简体   繁体   English

我将如何阅读 go 并将此文本文件的信息分离到 arrays 中?

[英]How would I go about reading and separating this text file's information into arrays?

Suppose I have a text file such as:假设我有一个文本文件,例如:


Adam: Tall Handsome Kind Athlete
  He enjoys playing basketball

Sabrina: Short Pretty Funny Adorable Gymnast
  She loves gymnastics

Sinclair: Blonde
  He is blonde

Assume the file has several more people, each with a Name and then 0 or more characteristics about them and then a new line with a tab following a sentence underneath.假设该文件还有几个人,每个人都有一个名称,然后是关于他们的 0 个或多个特征,然后是一个新行,下面的句子后面有一个制表符。 For example,例如,

Adam: would be the name亚当:会是名字

Tall Handsome Kind Athlete would be 4 individual characteristics高大英俊的运动员将是 4 个个人特征

He enjoys playing basketball would be the sentence.他喜欢打篮球就是这句话。

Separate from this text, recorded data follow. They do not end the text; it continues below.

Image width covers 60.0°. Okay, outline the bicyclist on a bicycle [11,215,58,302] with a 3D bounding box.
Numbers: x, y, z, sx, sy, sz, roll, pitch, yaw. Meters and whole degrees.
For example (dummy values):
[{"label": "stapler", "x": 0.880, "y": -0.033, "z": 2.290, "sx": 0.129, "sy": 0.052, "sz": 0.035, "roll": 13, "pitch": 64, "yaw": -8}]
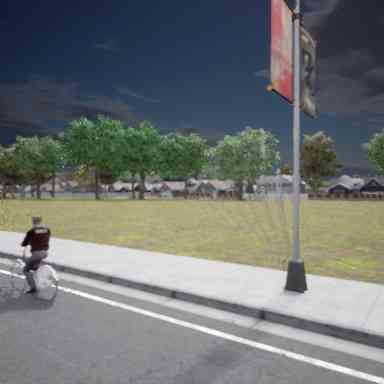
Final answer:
[{"label": "bicyclist on a bicycle", "x": -3.416, "y": 1.358, "z": 7.101, "sx": 1.843, "sy": 1.776, "sz": 0.659, "roll": 0, "pitch": 0, "yaw": 36}]

I want to store this information in a structure like so:我想将此信息存储在如下结构中:

typedef struct People {
 char *name;
 char **characteristics;
 char *sentence;
} People;

typedef struct List {
  People **list;
  int total_ppl;
} List;

int main (void) {
 List *ppl_list = malloc(sizeof(List));
 ppl_list->list = malloc(sizeof(People));
 int i = 0;
 FILE *pf = fopen("input.txt", "r");
 if (pf == NULL) {
    printf("Unable to open the file");
 } else {
   
/*    I'm not sure how to go about reading the information from here. I was thinking about using
      fscanf but I don't know how to separate and store the Name, each Characteristic, and 
      the sentence separately. I know I will need to realloc ppl_list as more people are read from the 
      file. If I should change my structs to organize it better, please let me know.
*/

 }
}

There is a function called strtok(): https://www.tutorialspoint.com/c_standard_library/c_function_strtok.htm有一个名为 strtok() 的function:https://www.tutorialspoint.com/c_standard_library/c_function_strtok.htm

Though I've never used it, the one time I had to do this I implemented a function that would separate a string into an array of pointers to pointers of chars and dynamically allocated memory for the whole block, it would look for commas and generate a new string each time it found one, my code wouldn't work in your case because it was written to specifically ignore withe spaces, though if you're not ignoring them but using them as delimitators the code gets a lot simpler.虽然我从未使用过它,但有一次我不得不这样做,我实现了一个 function,它将一个字符串分成一个指向字符指针的指针数组,并为整个块动态分配 memory,它会查找逗号并生成每次找到一个新字符串时,我的代码在您的情况下不起作用,因为它是专门为忽略空格而编写的,但如果您不忽略它们而是将它们用作分隔符,则代码会变得简单得多。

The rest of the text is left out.